- **Prompt**:
In the lines below, count those containing the word "maker" and give the number alone.

[Records from a data source]

§

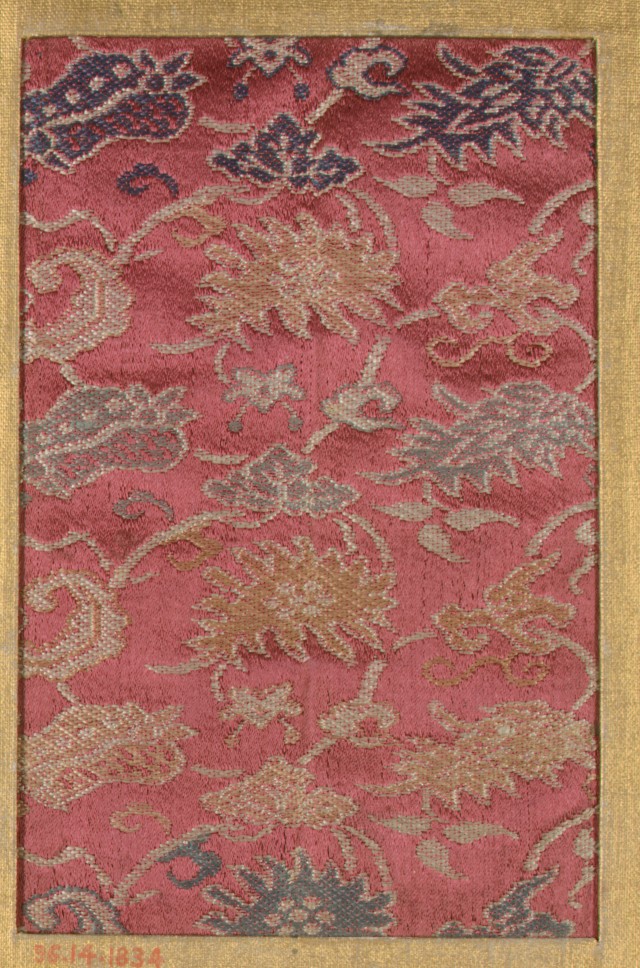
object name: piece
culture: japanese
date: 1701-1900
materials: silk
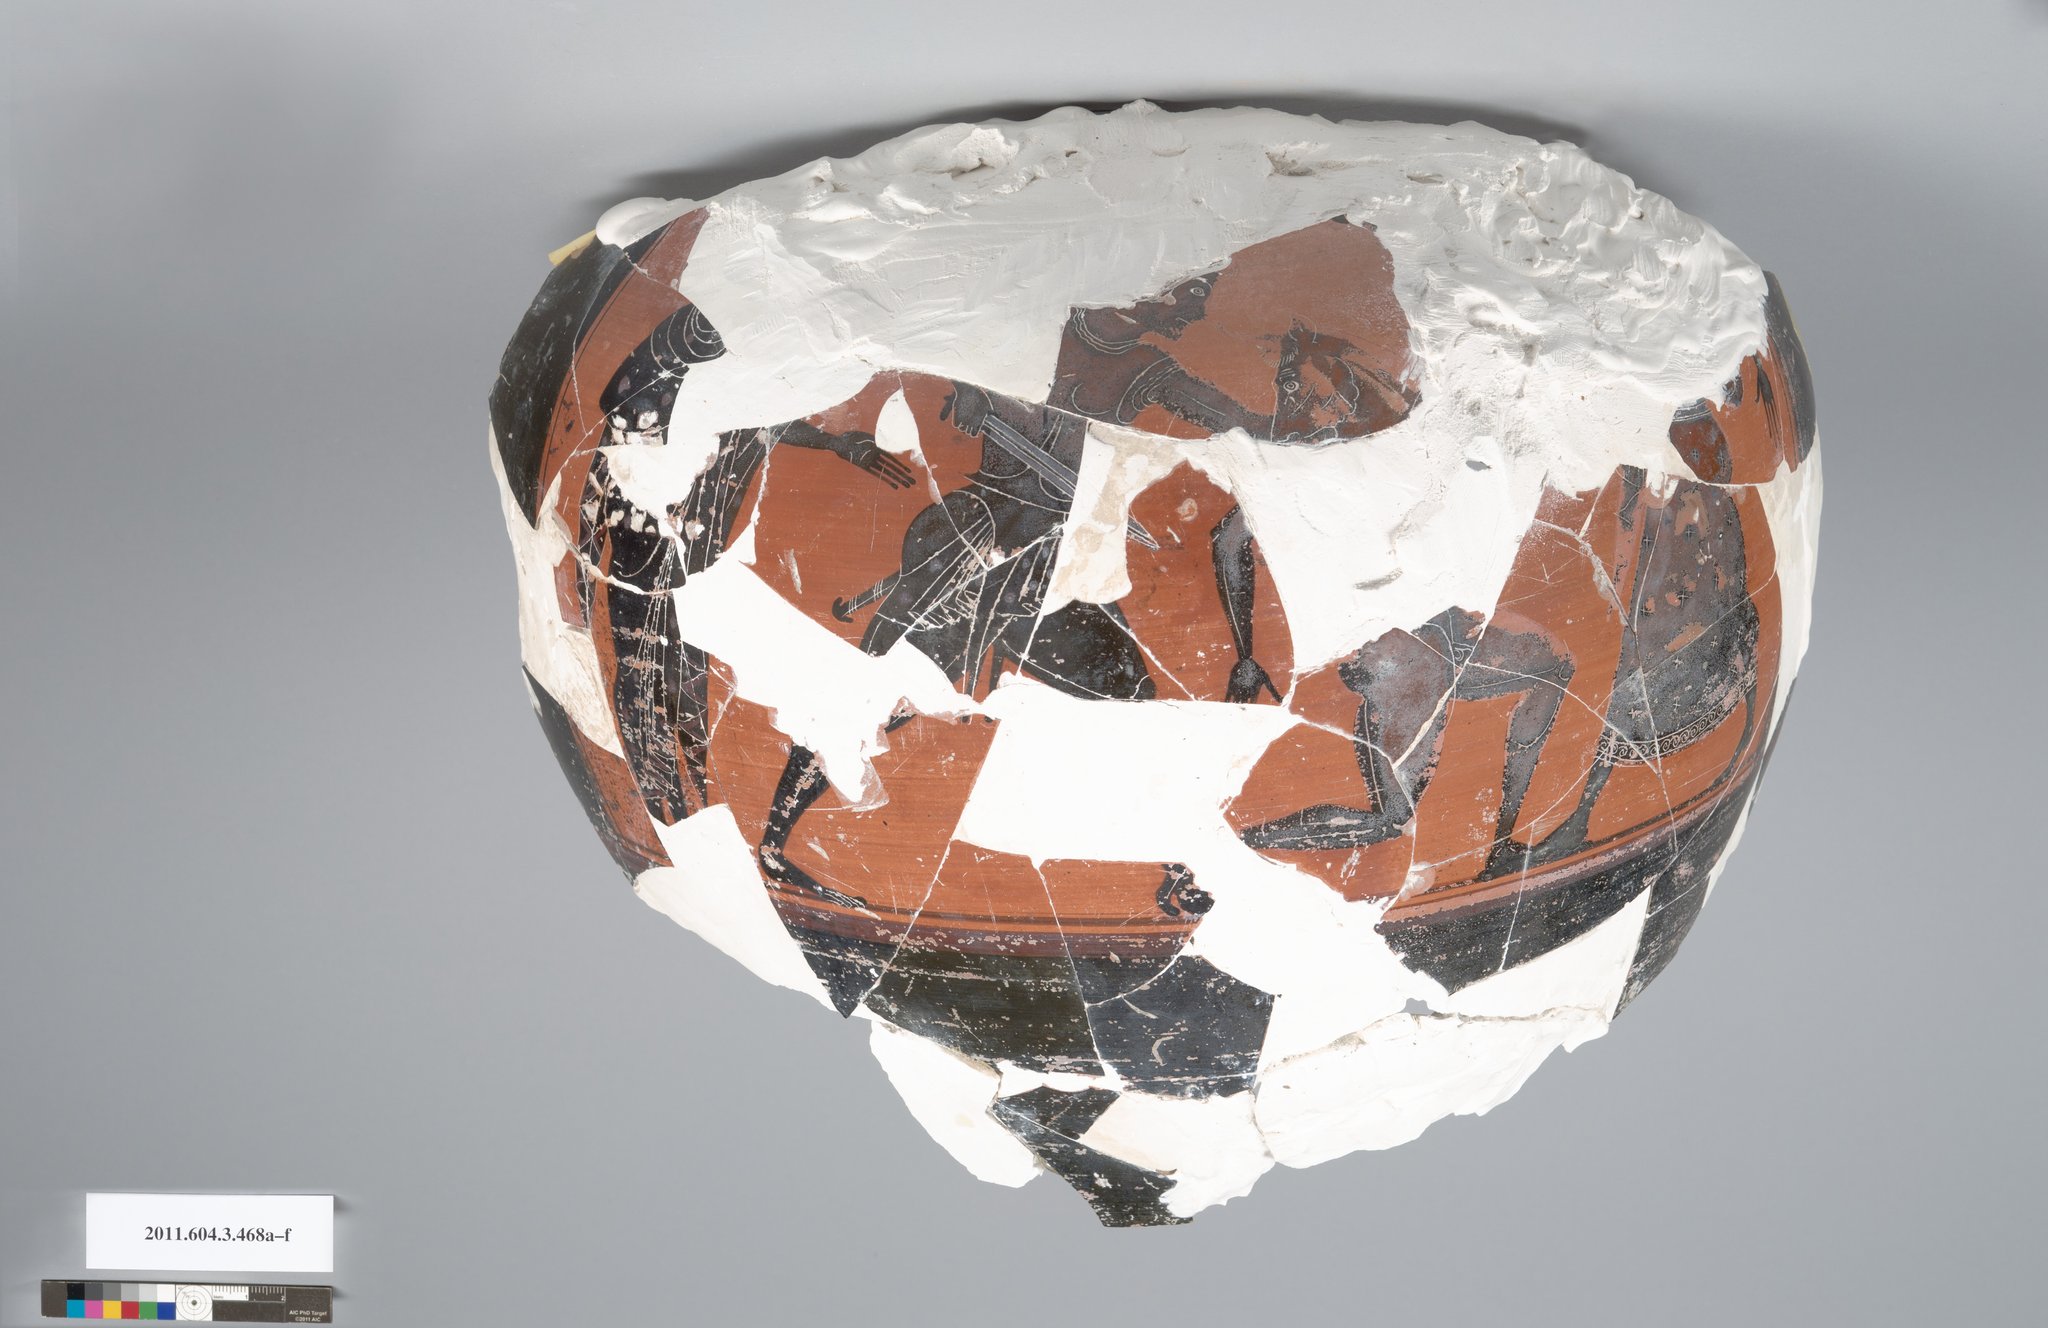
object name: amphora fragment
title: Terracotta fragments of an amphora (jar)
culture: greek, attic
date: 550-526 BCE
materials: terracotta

§

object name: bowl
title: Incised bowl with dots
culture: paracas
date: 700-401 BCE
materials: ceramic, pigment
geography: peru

§

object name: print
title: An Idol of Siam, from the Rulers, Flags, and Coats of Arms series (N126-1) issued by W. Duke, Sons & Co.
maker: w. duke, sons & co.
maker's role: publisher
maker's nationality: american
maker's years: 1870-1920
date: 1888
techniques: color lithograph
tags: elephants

§

- **Response**:
4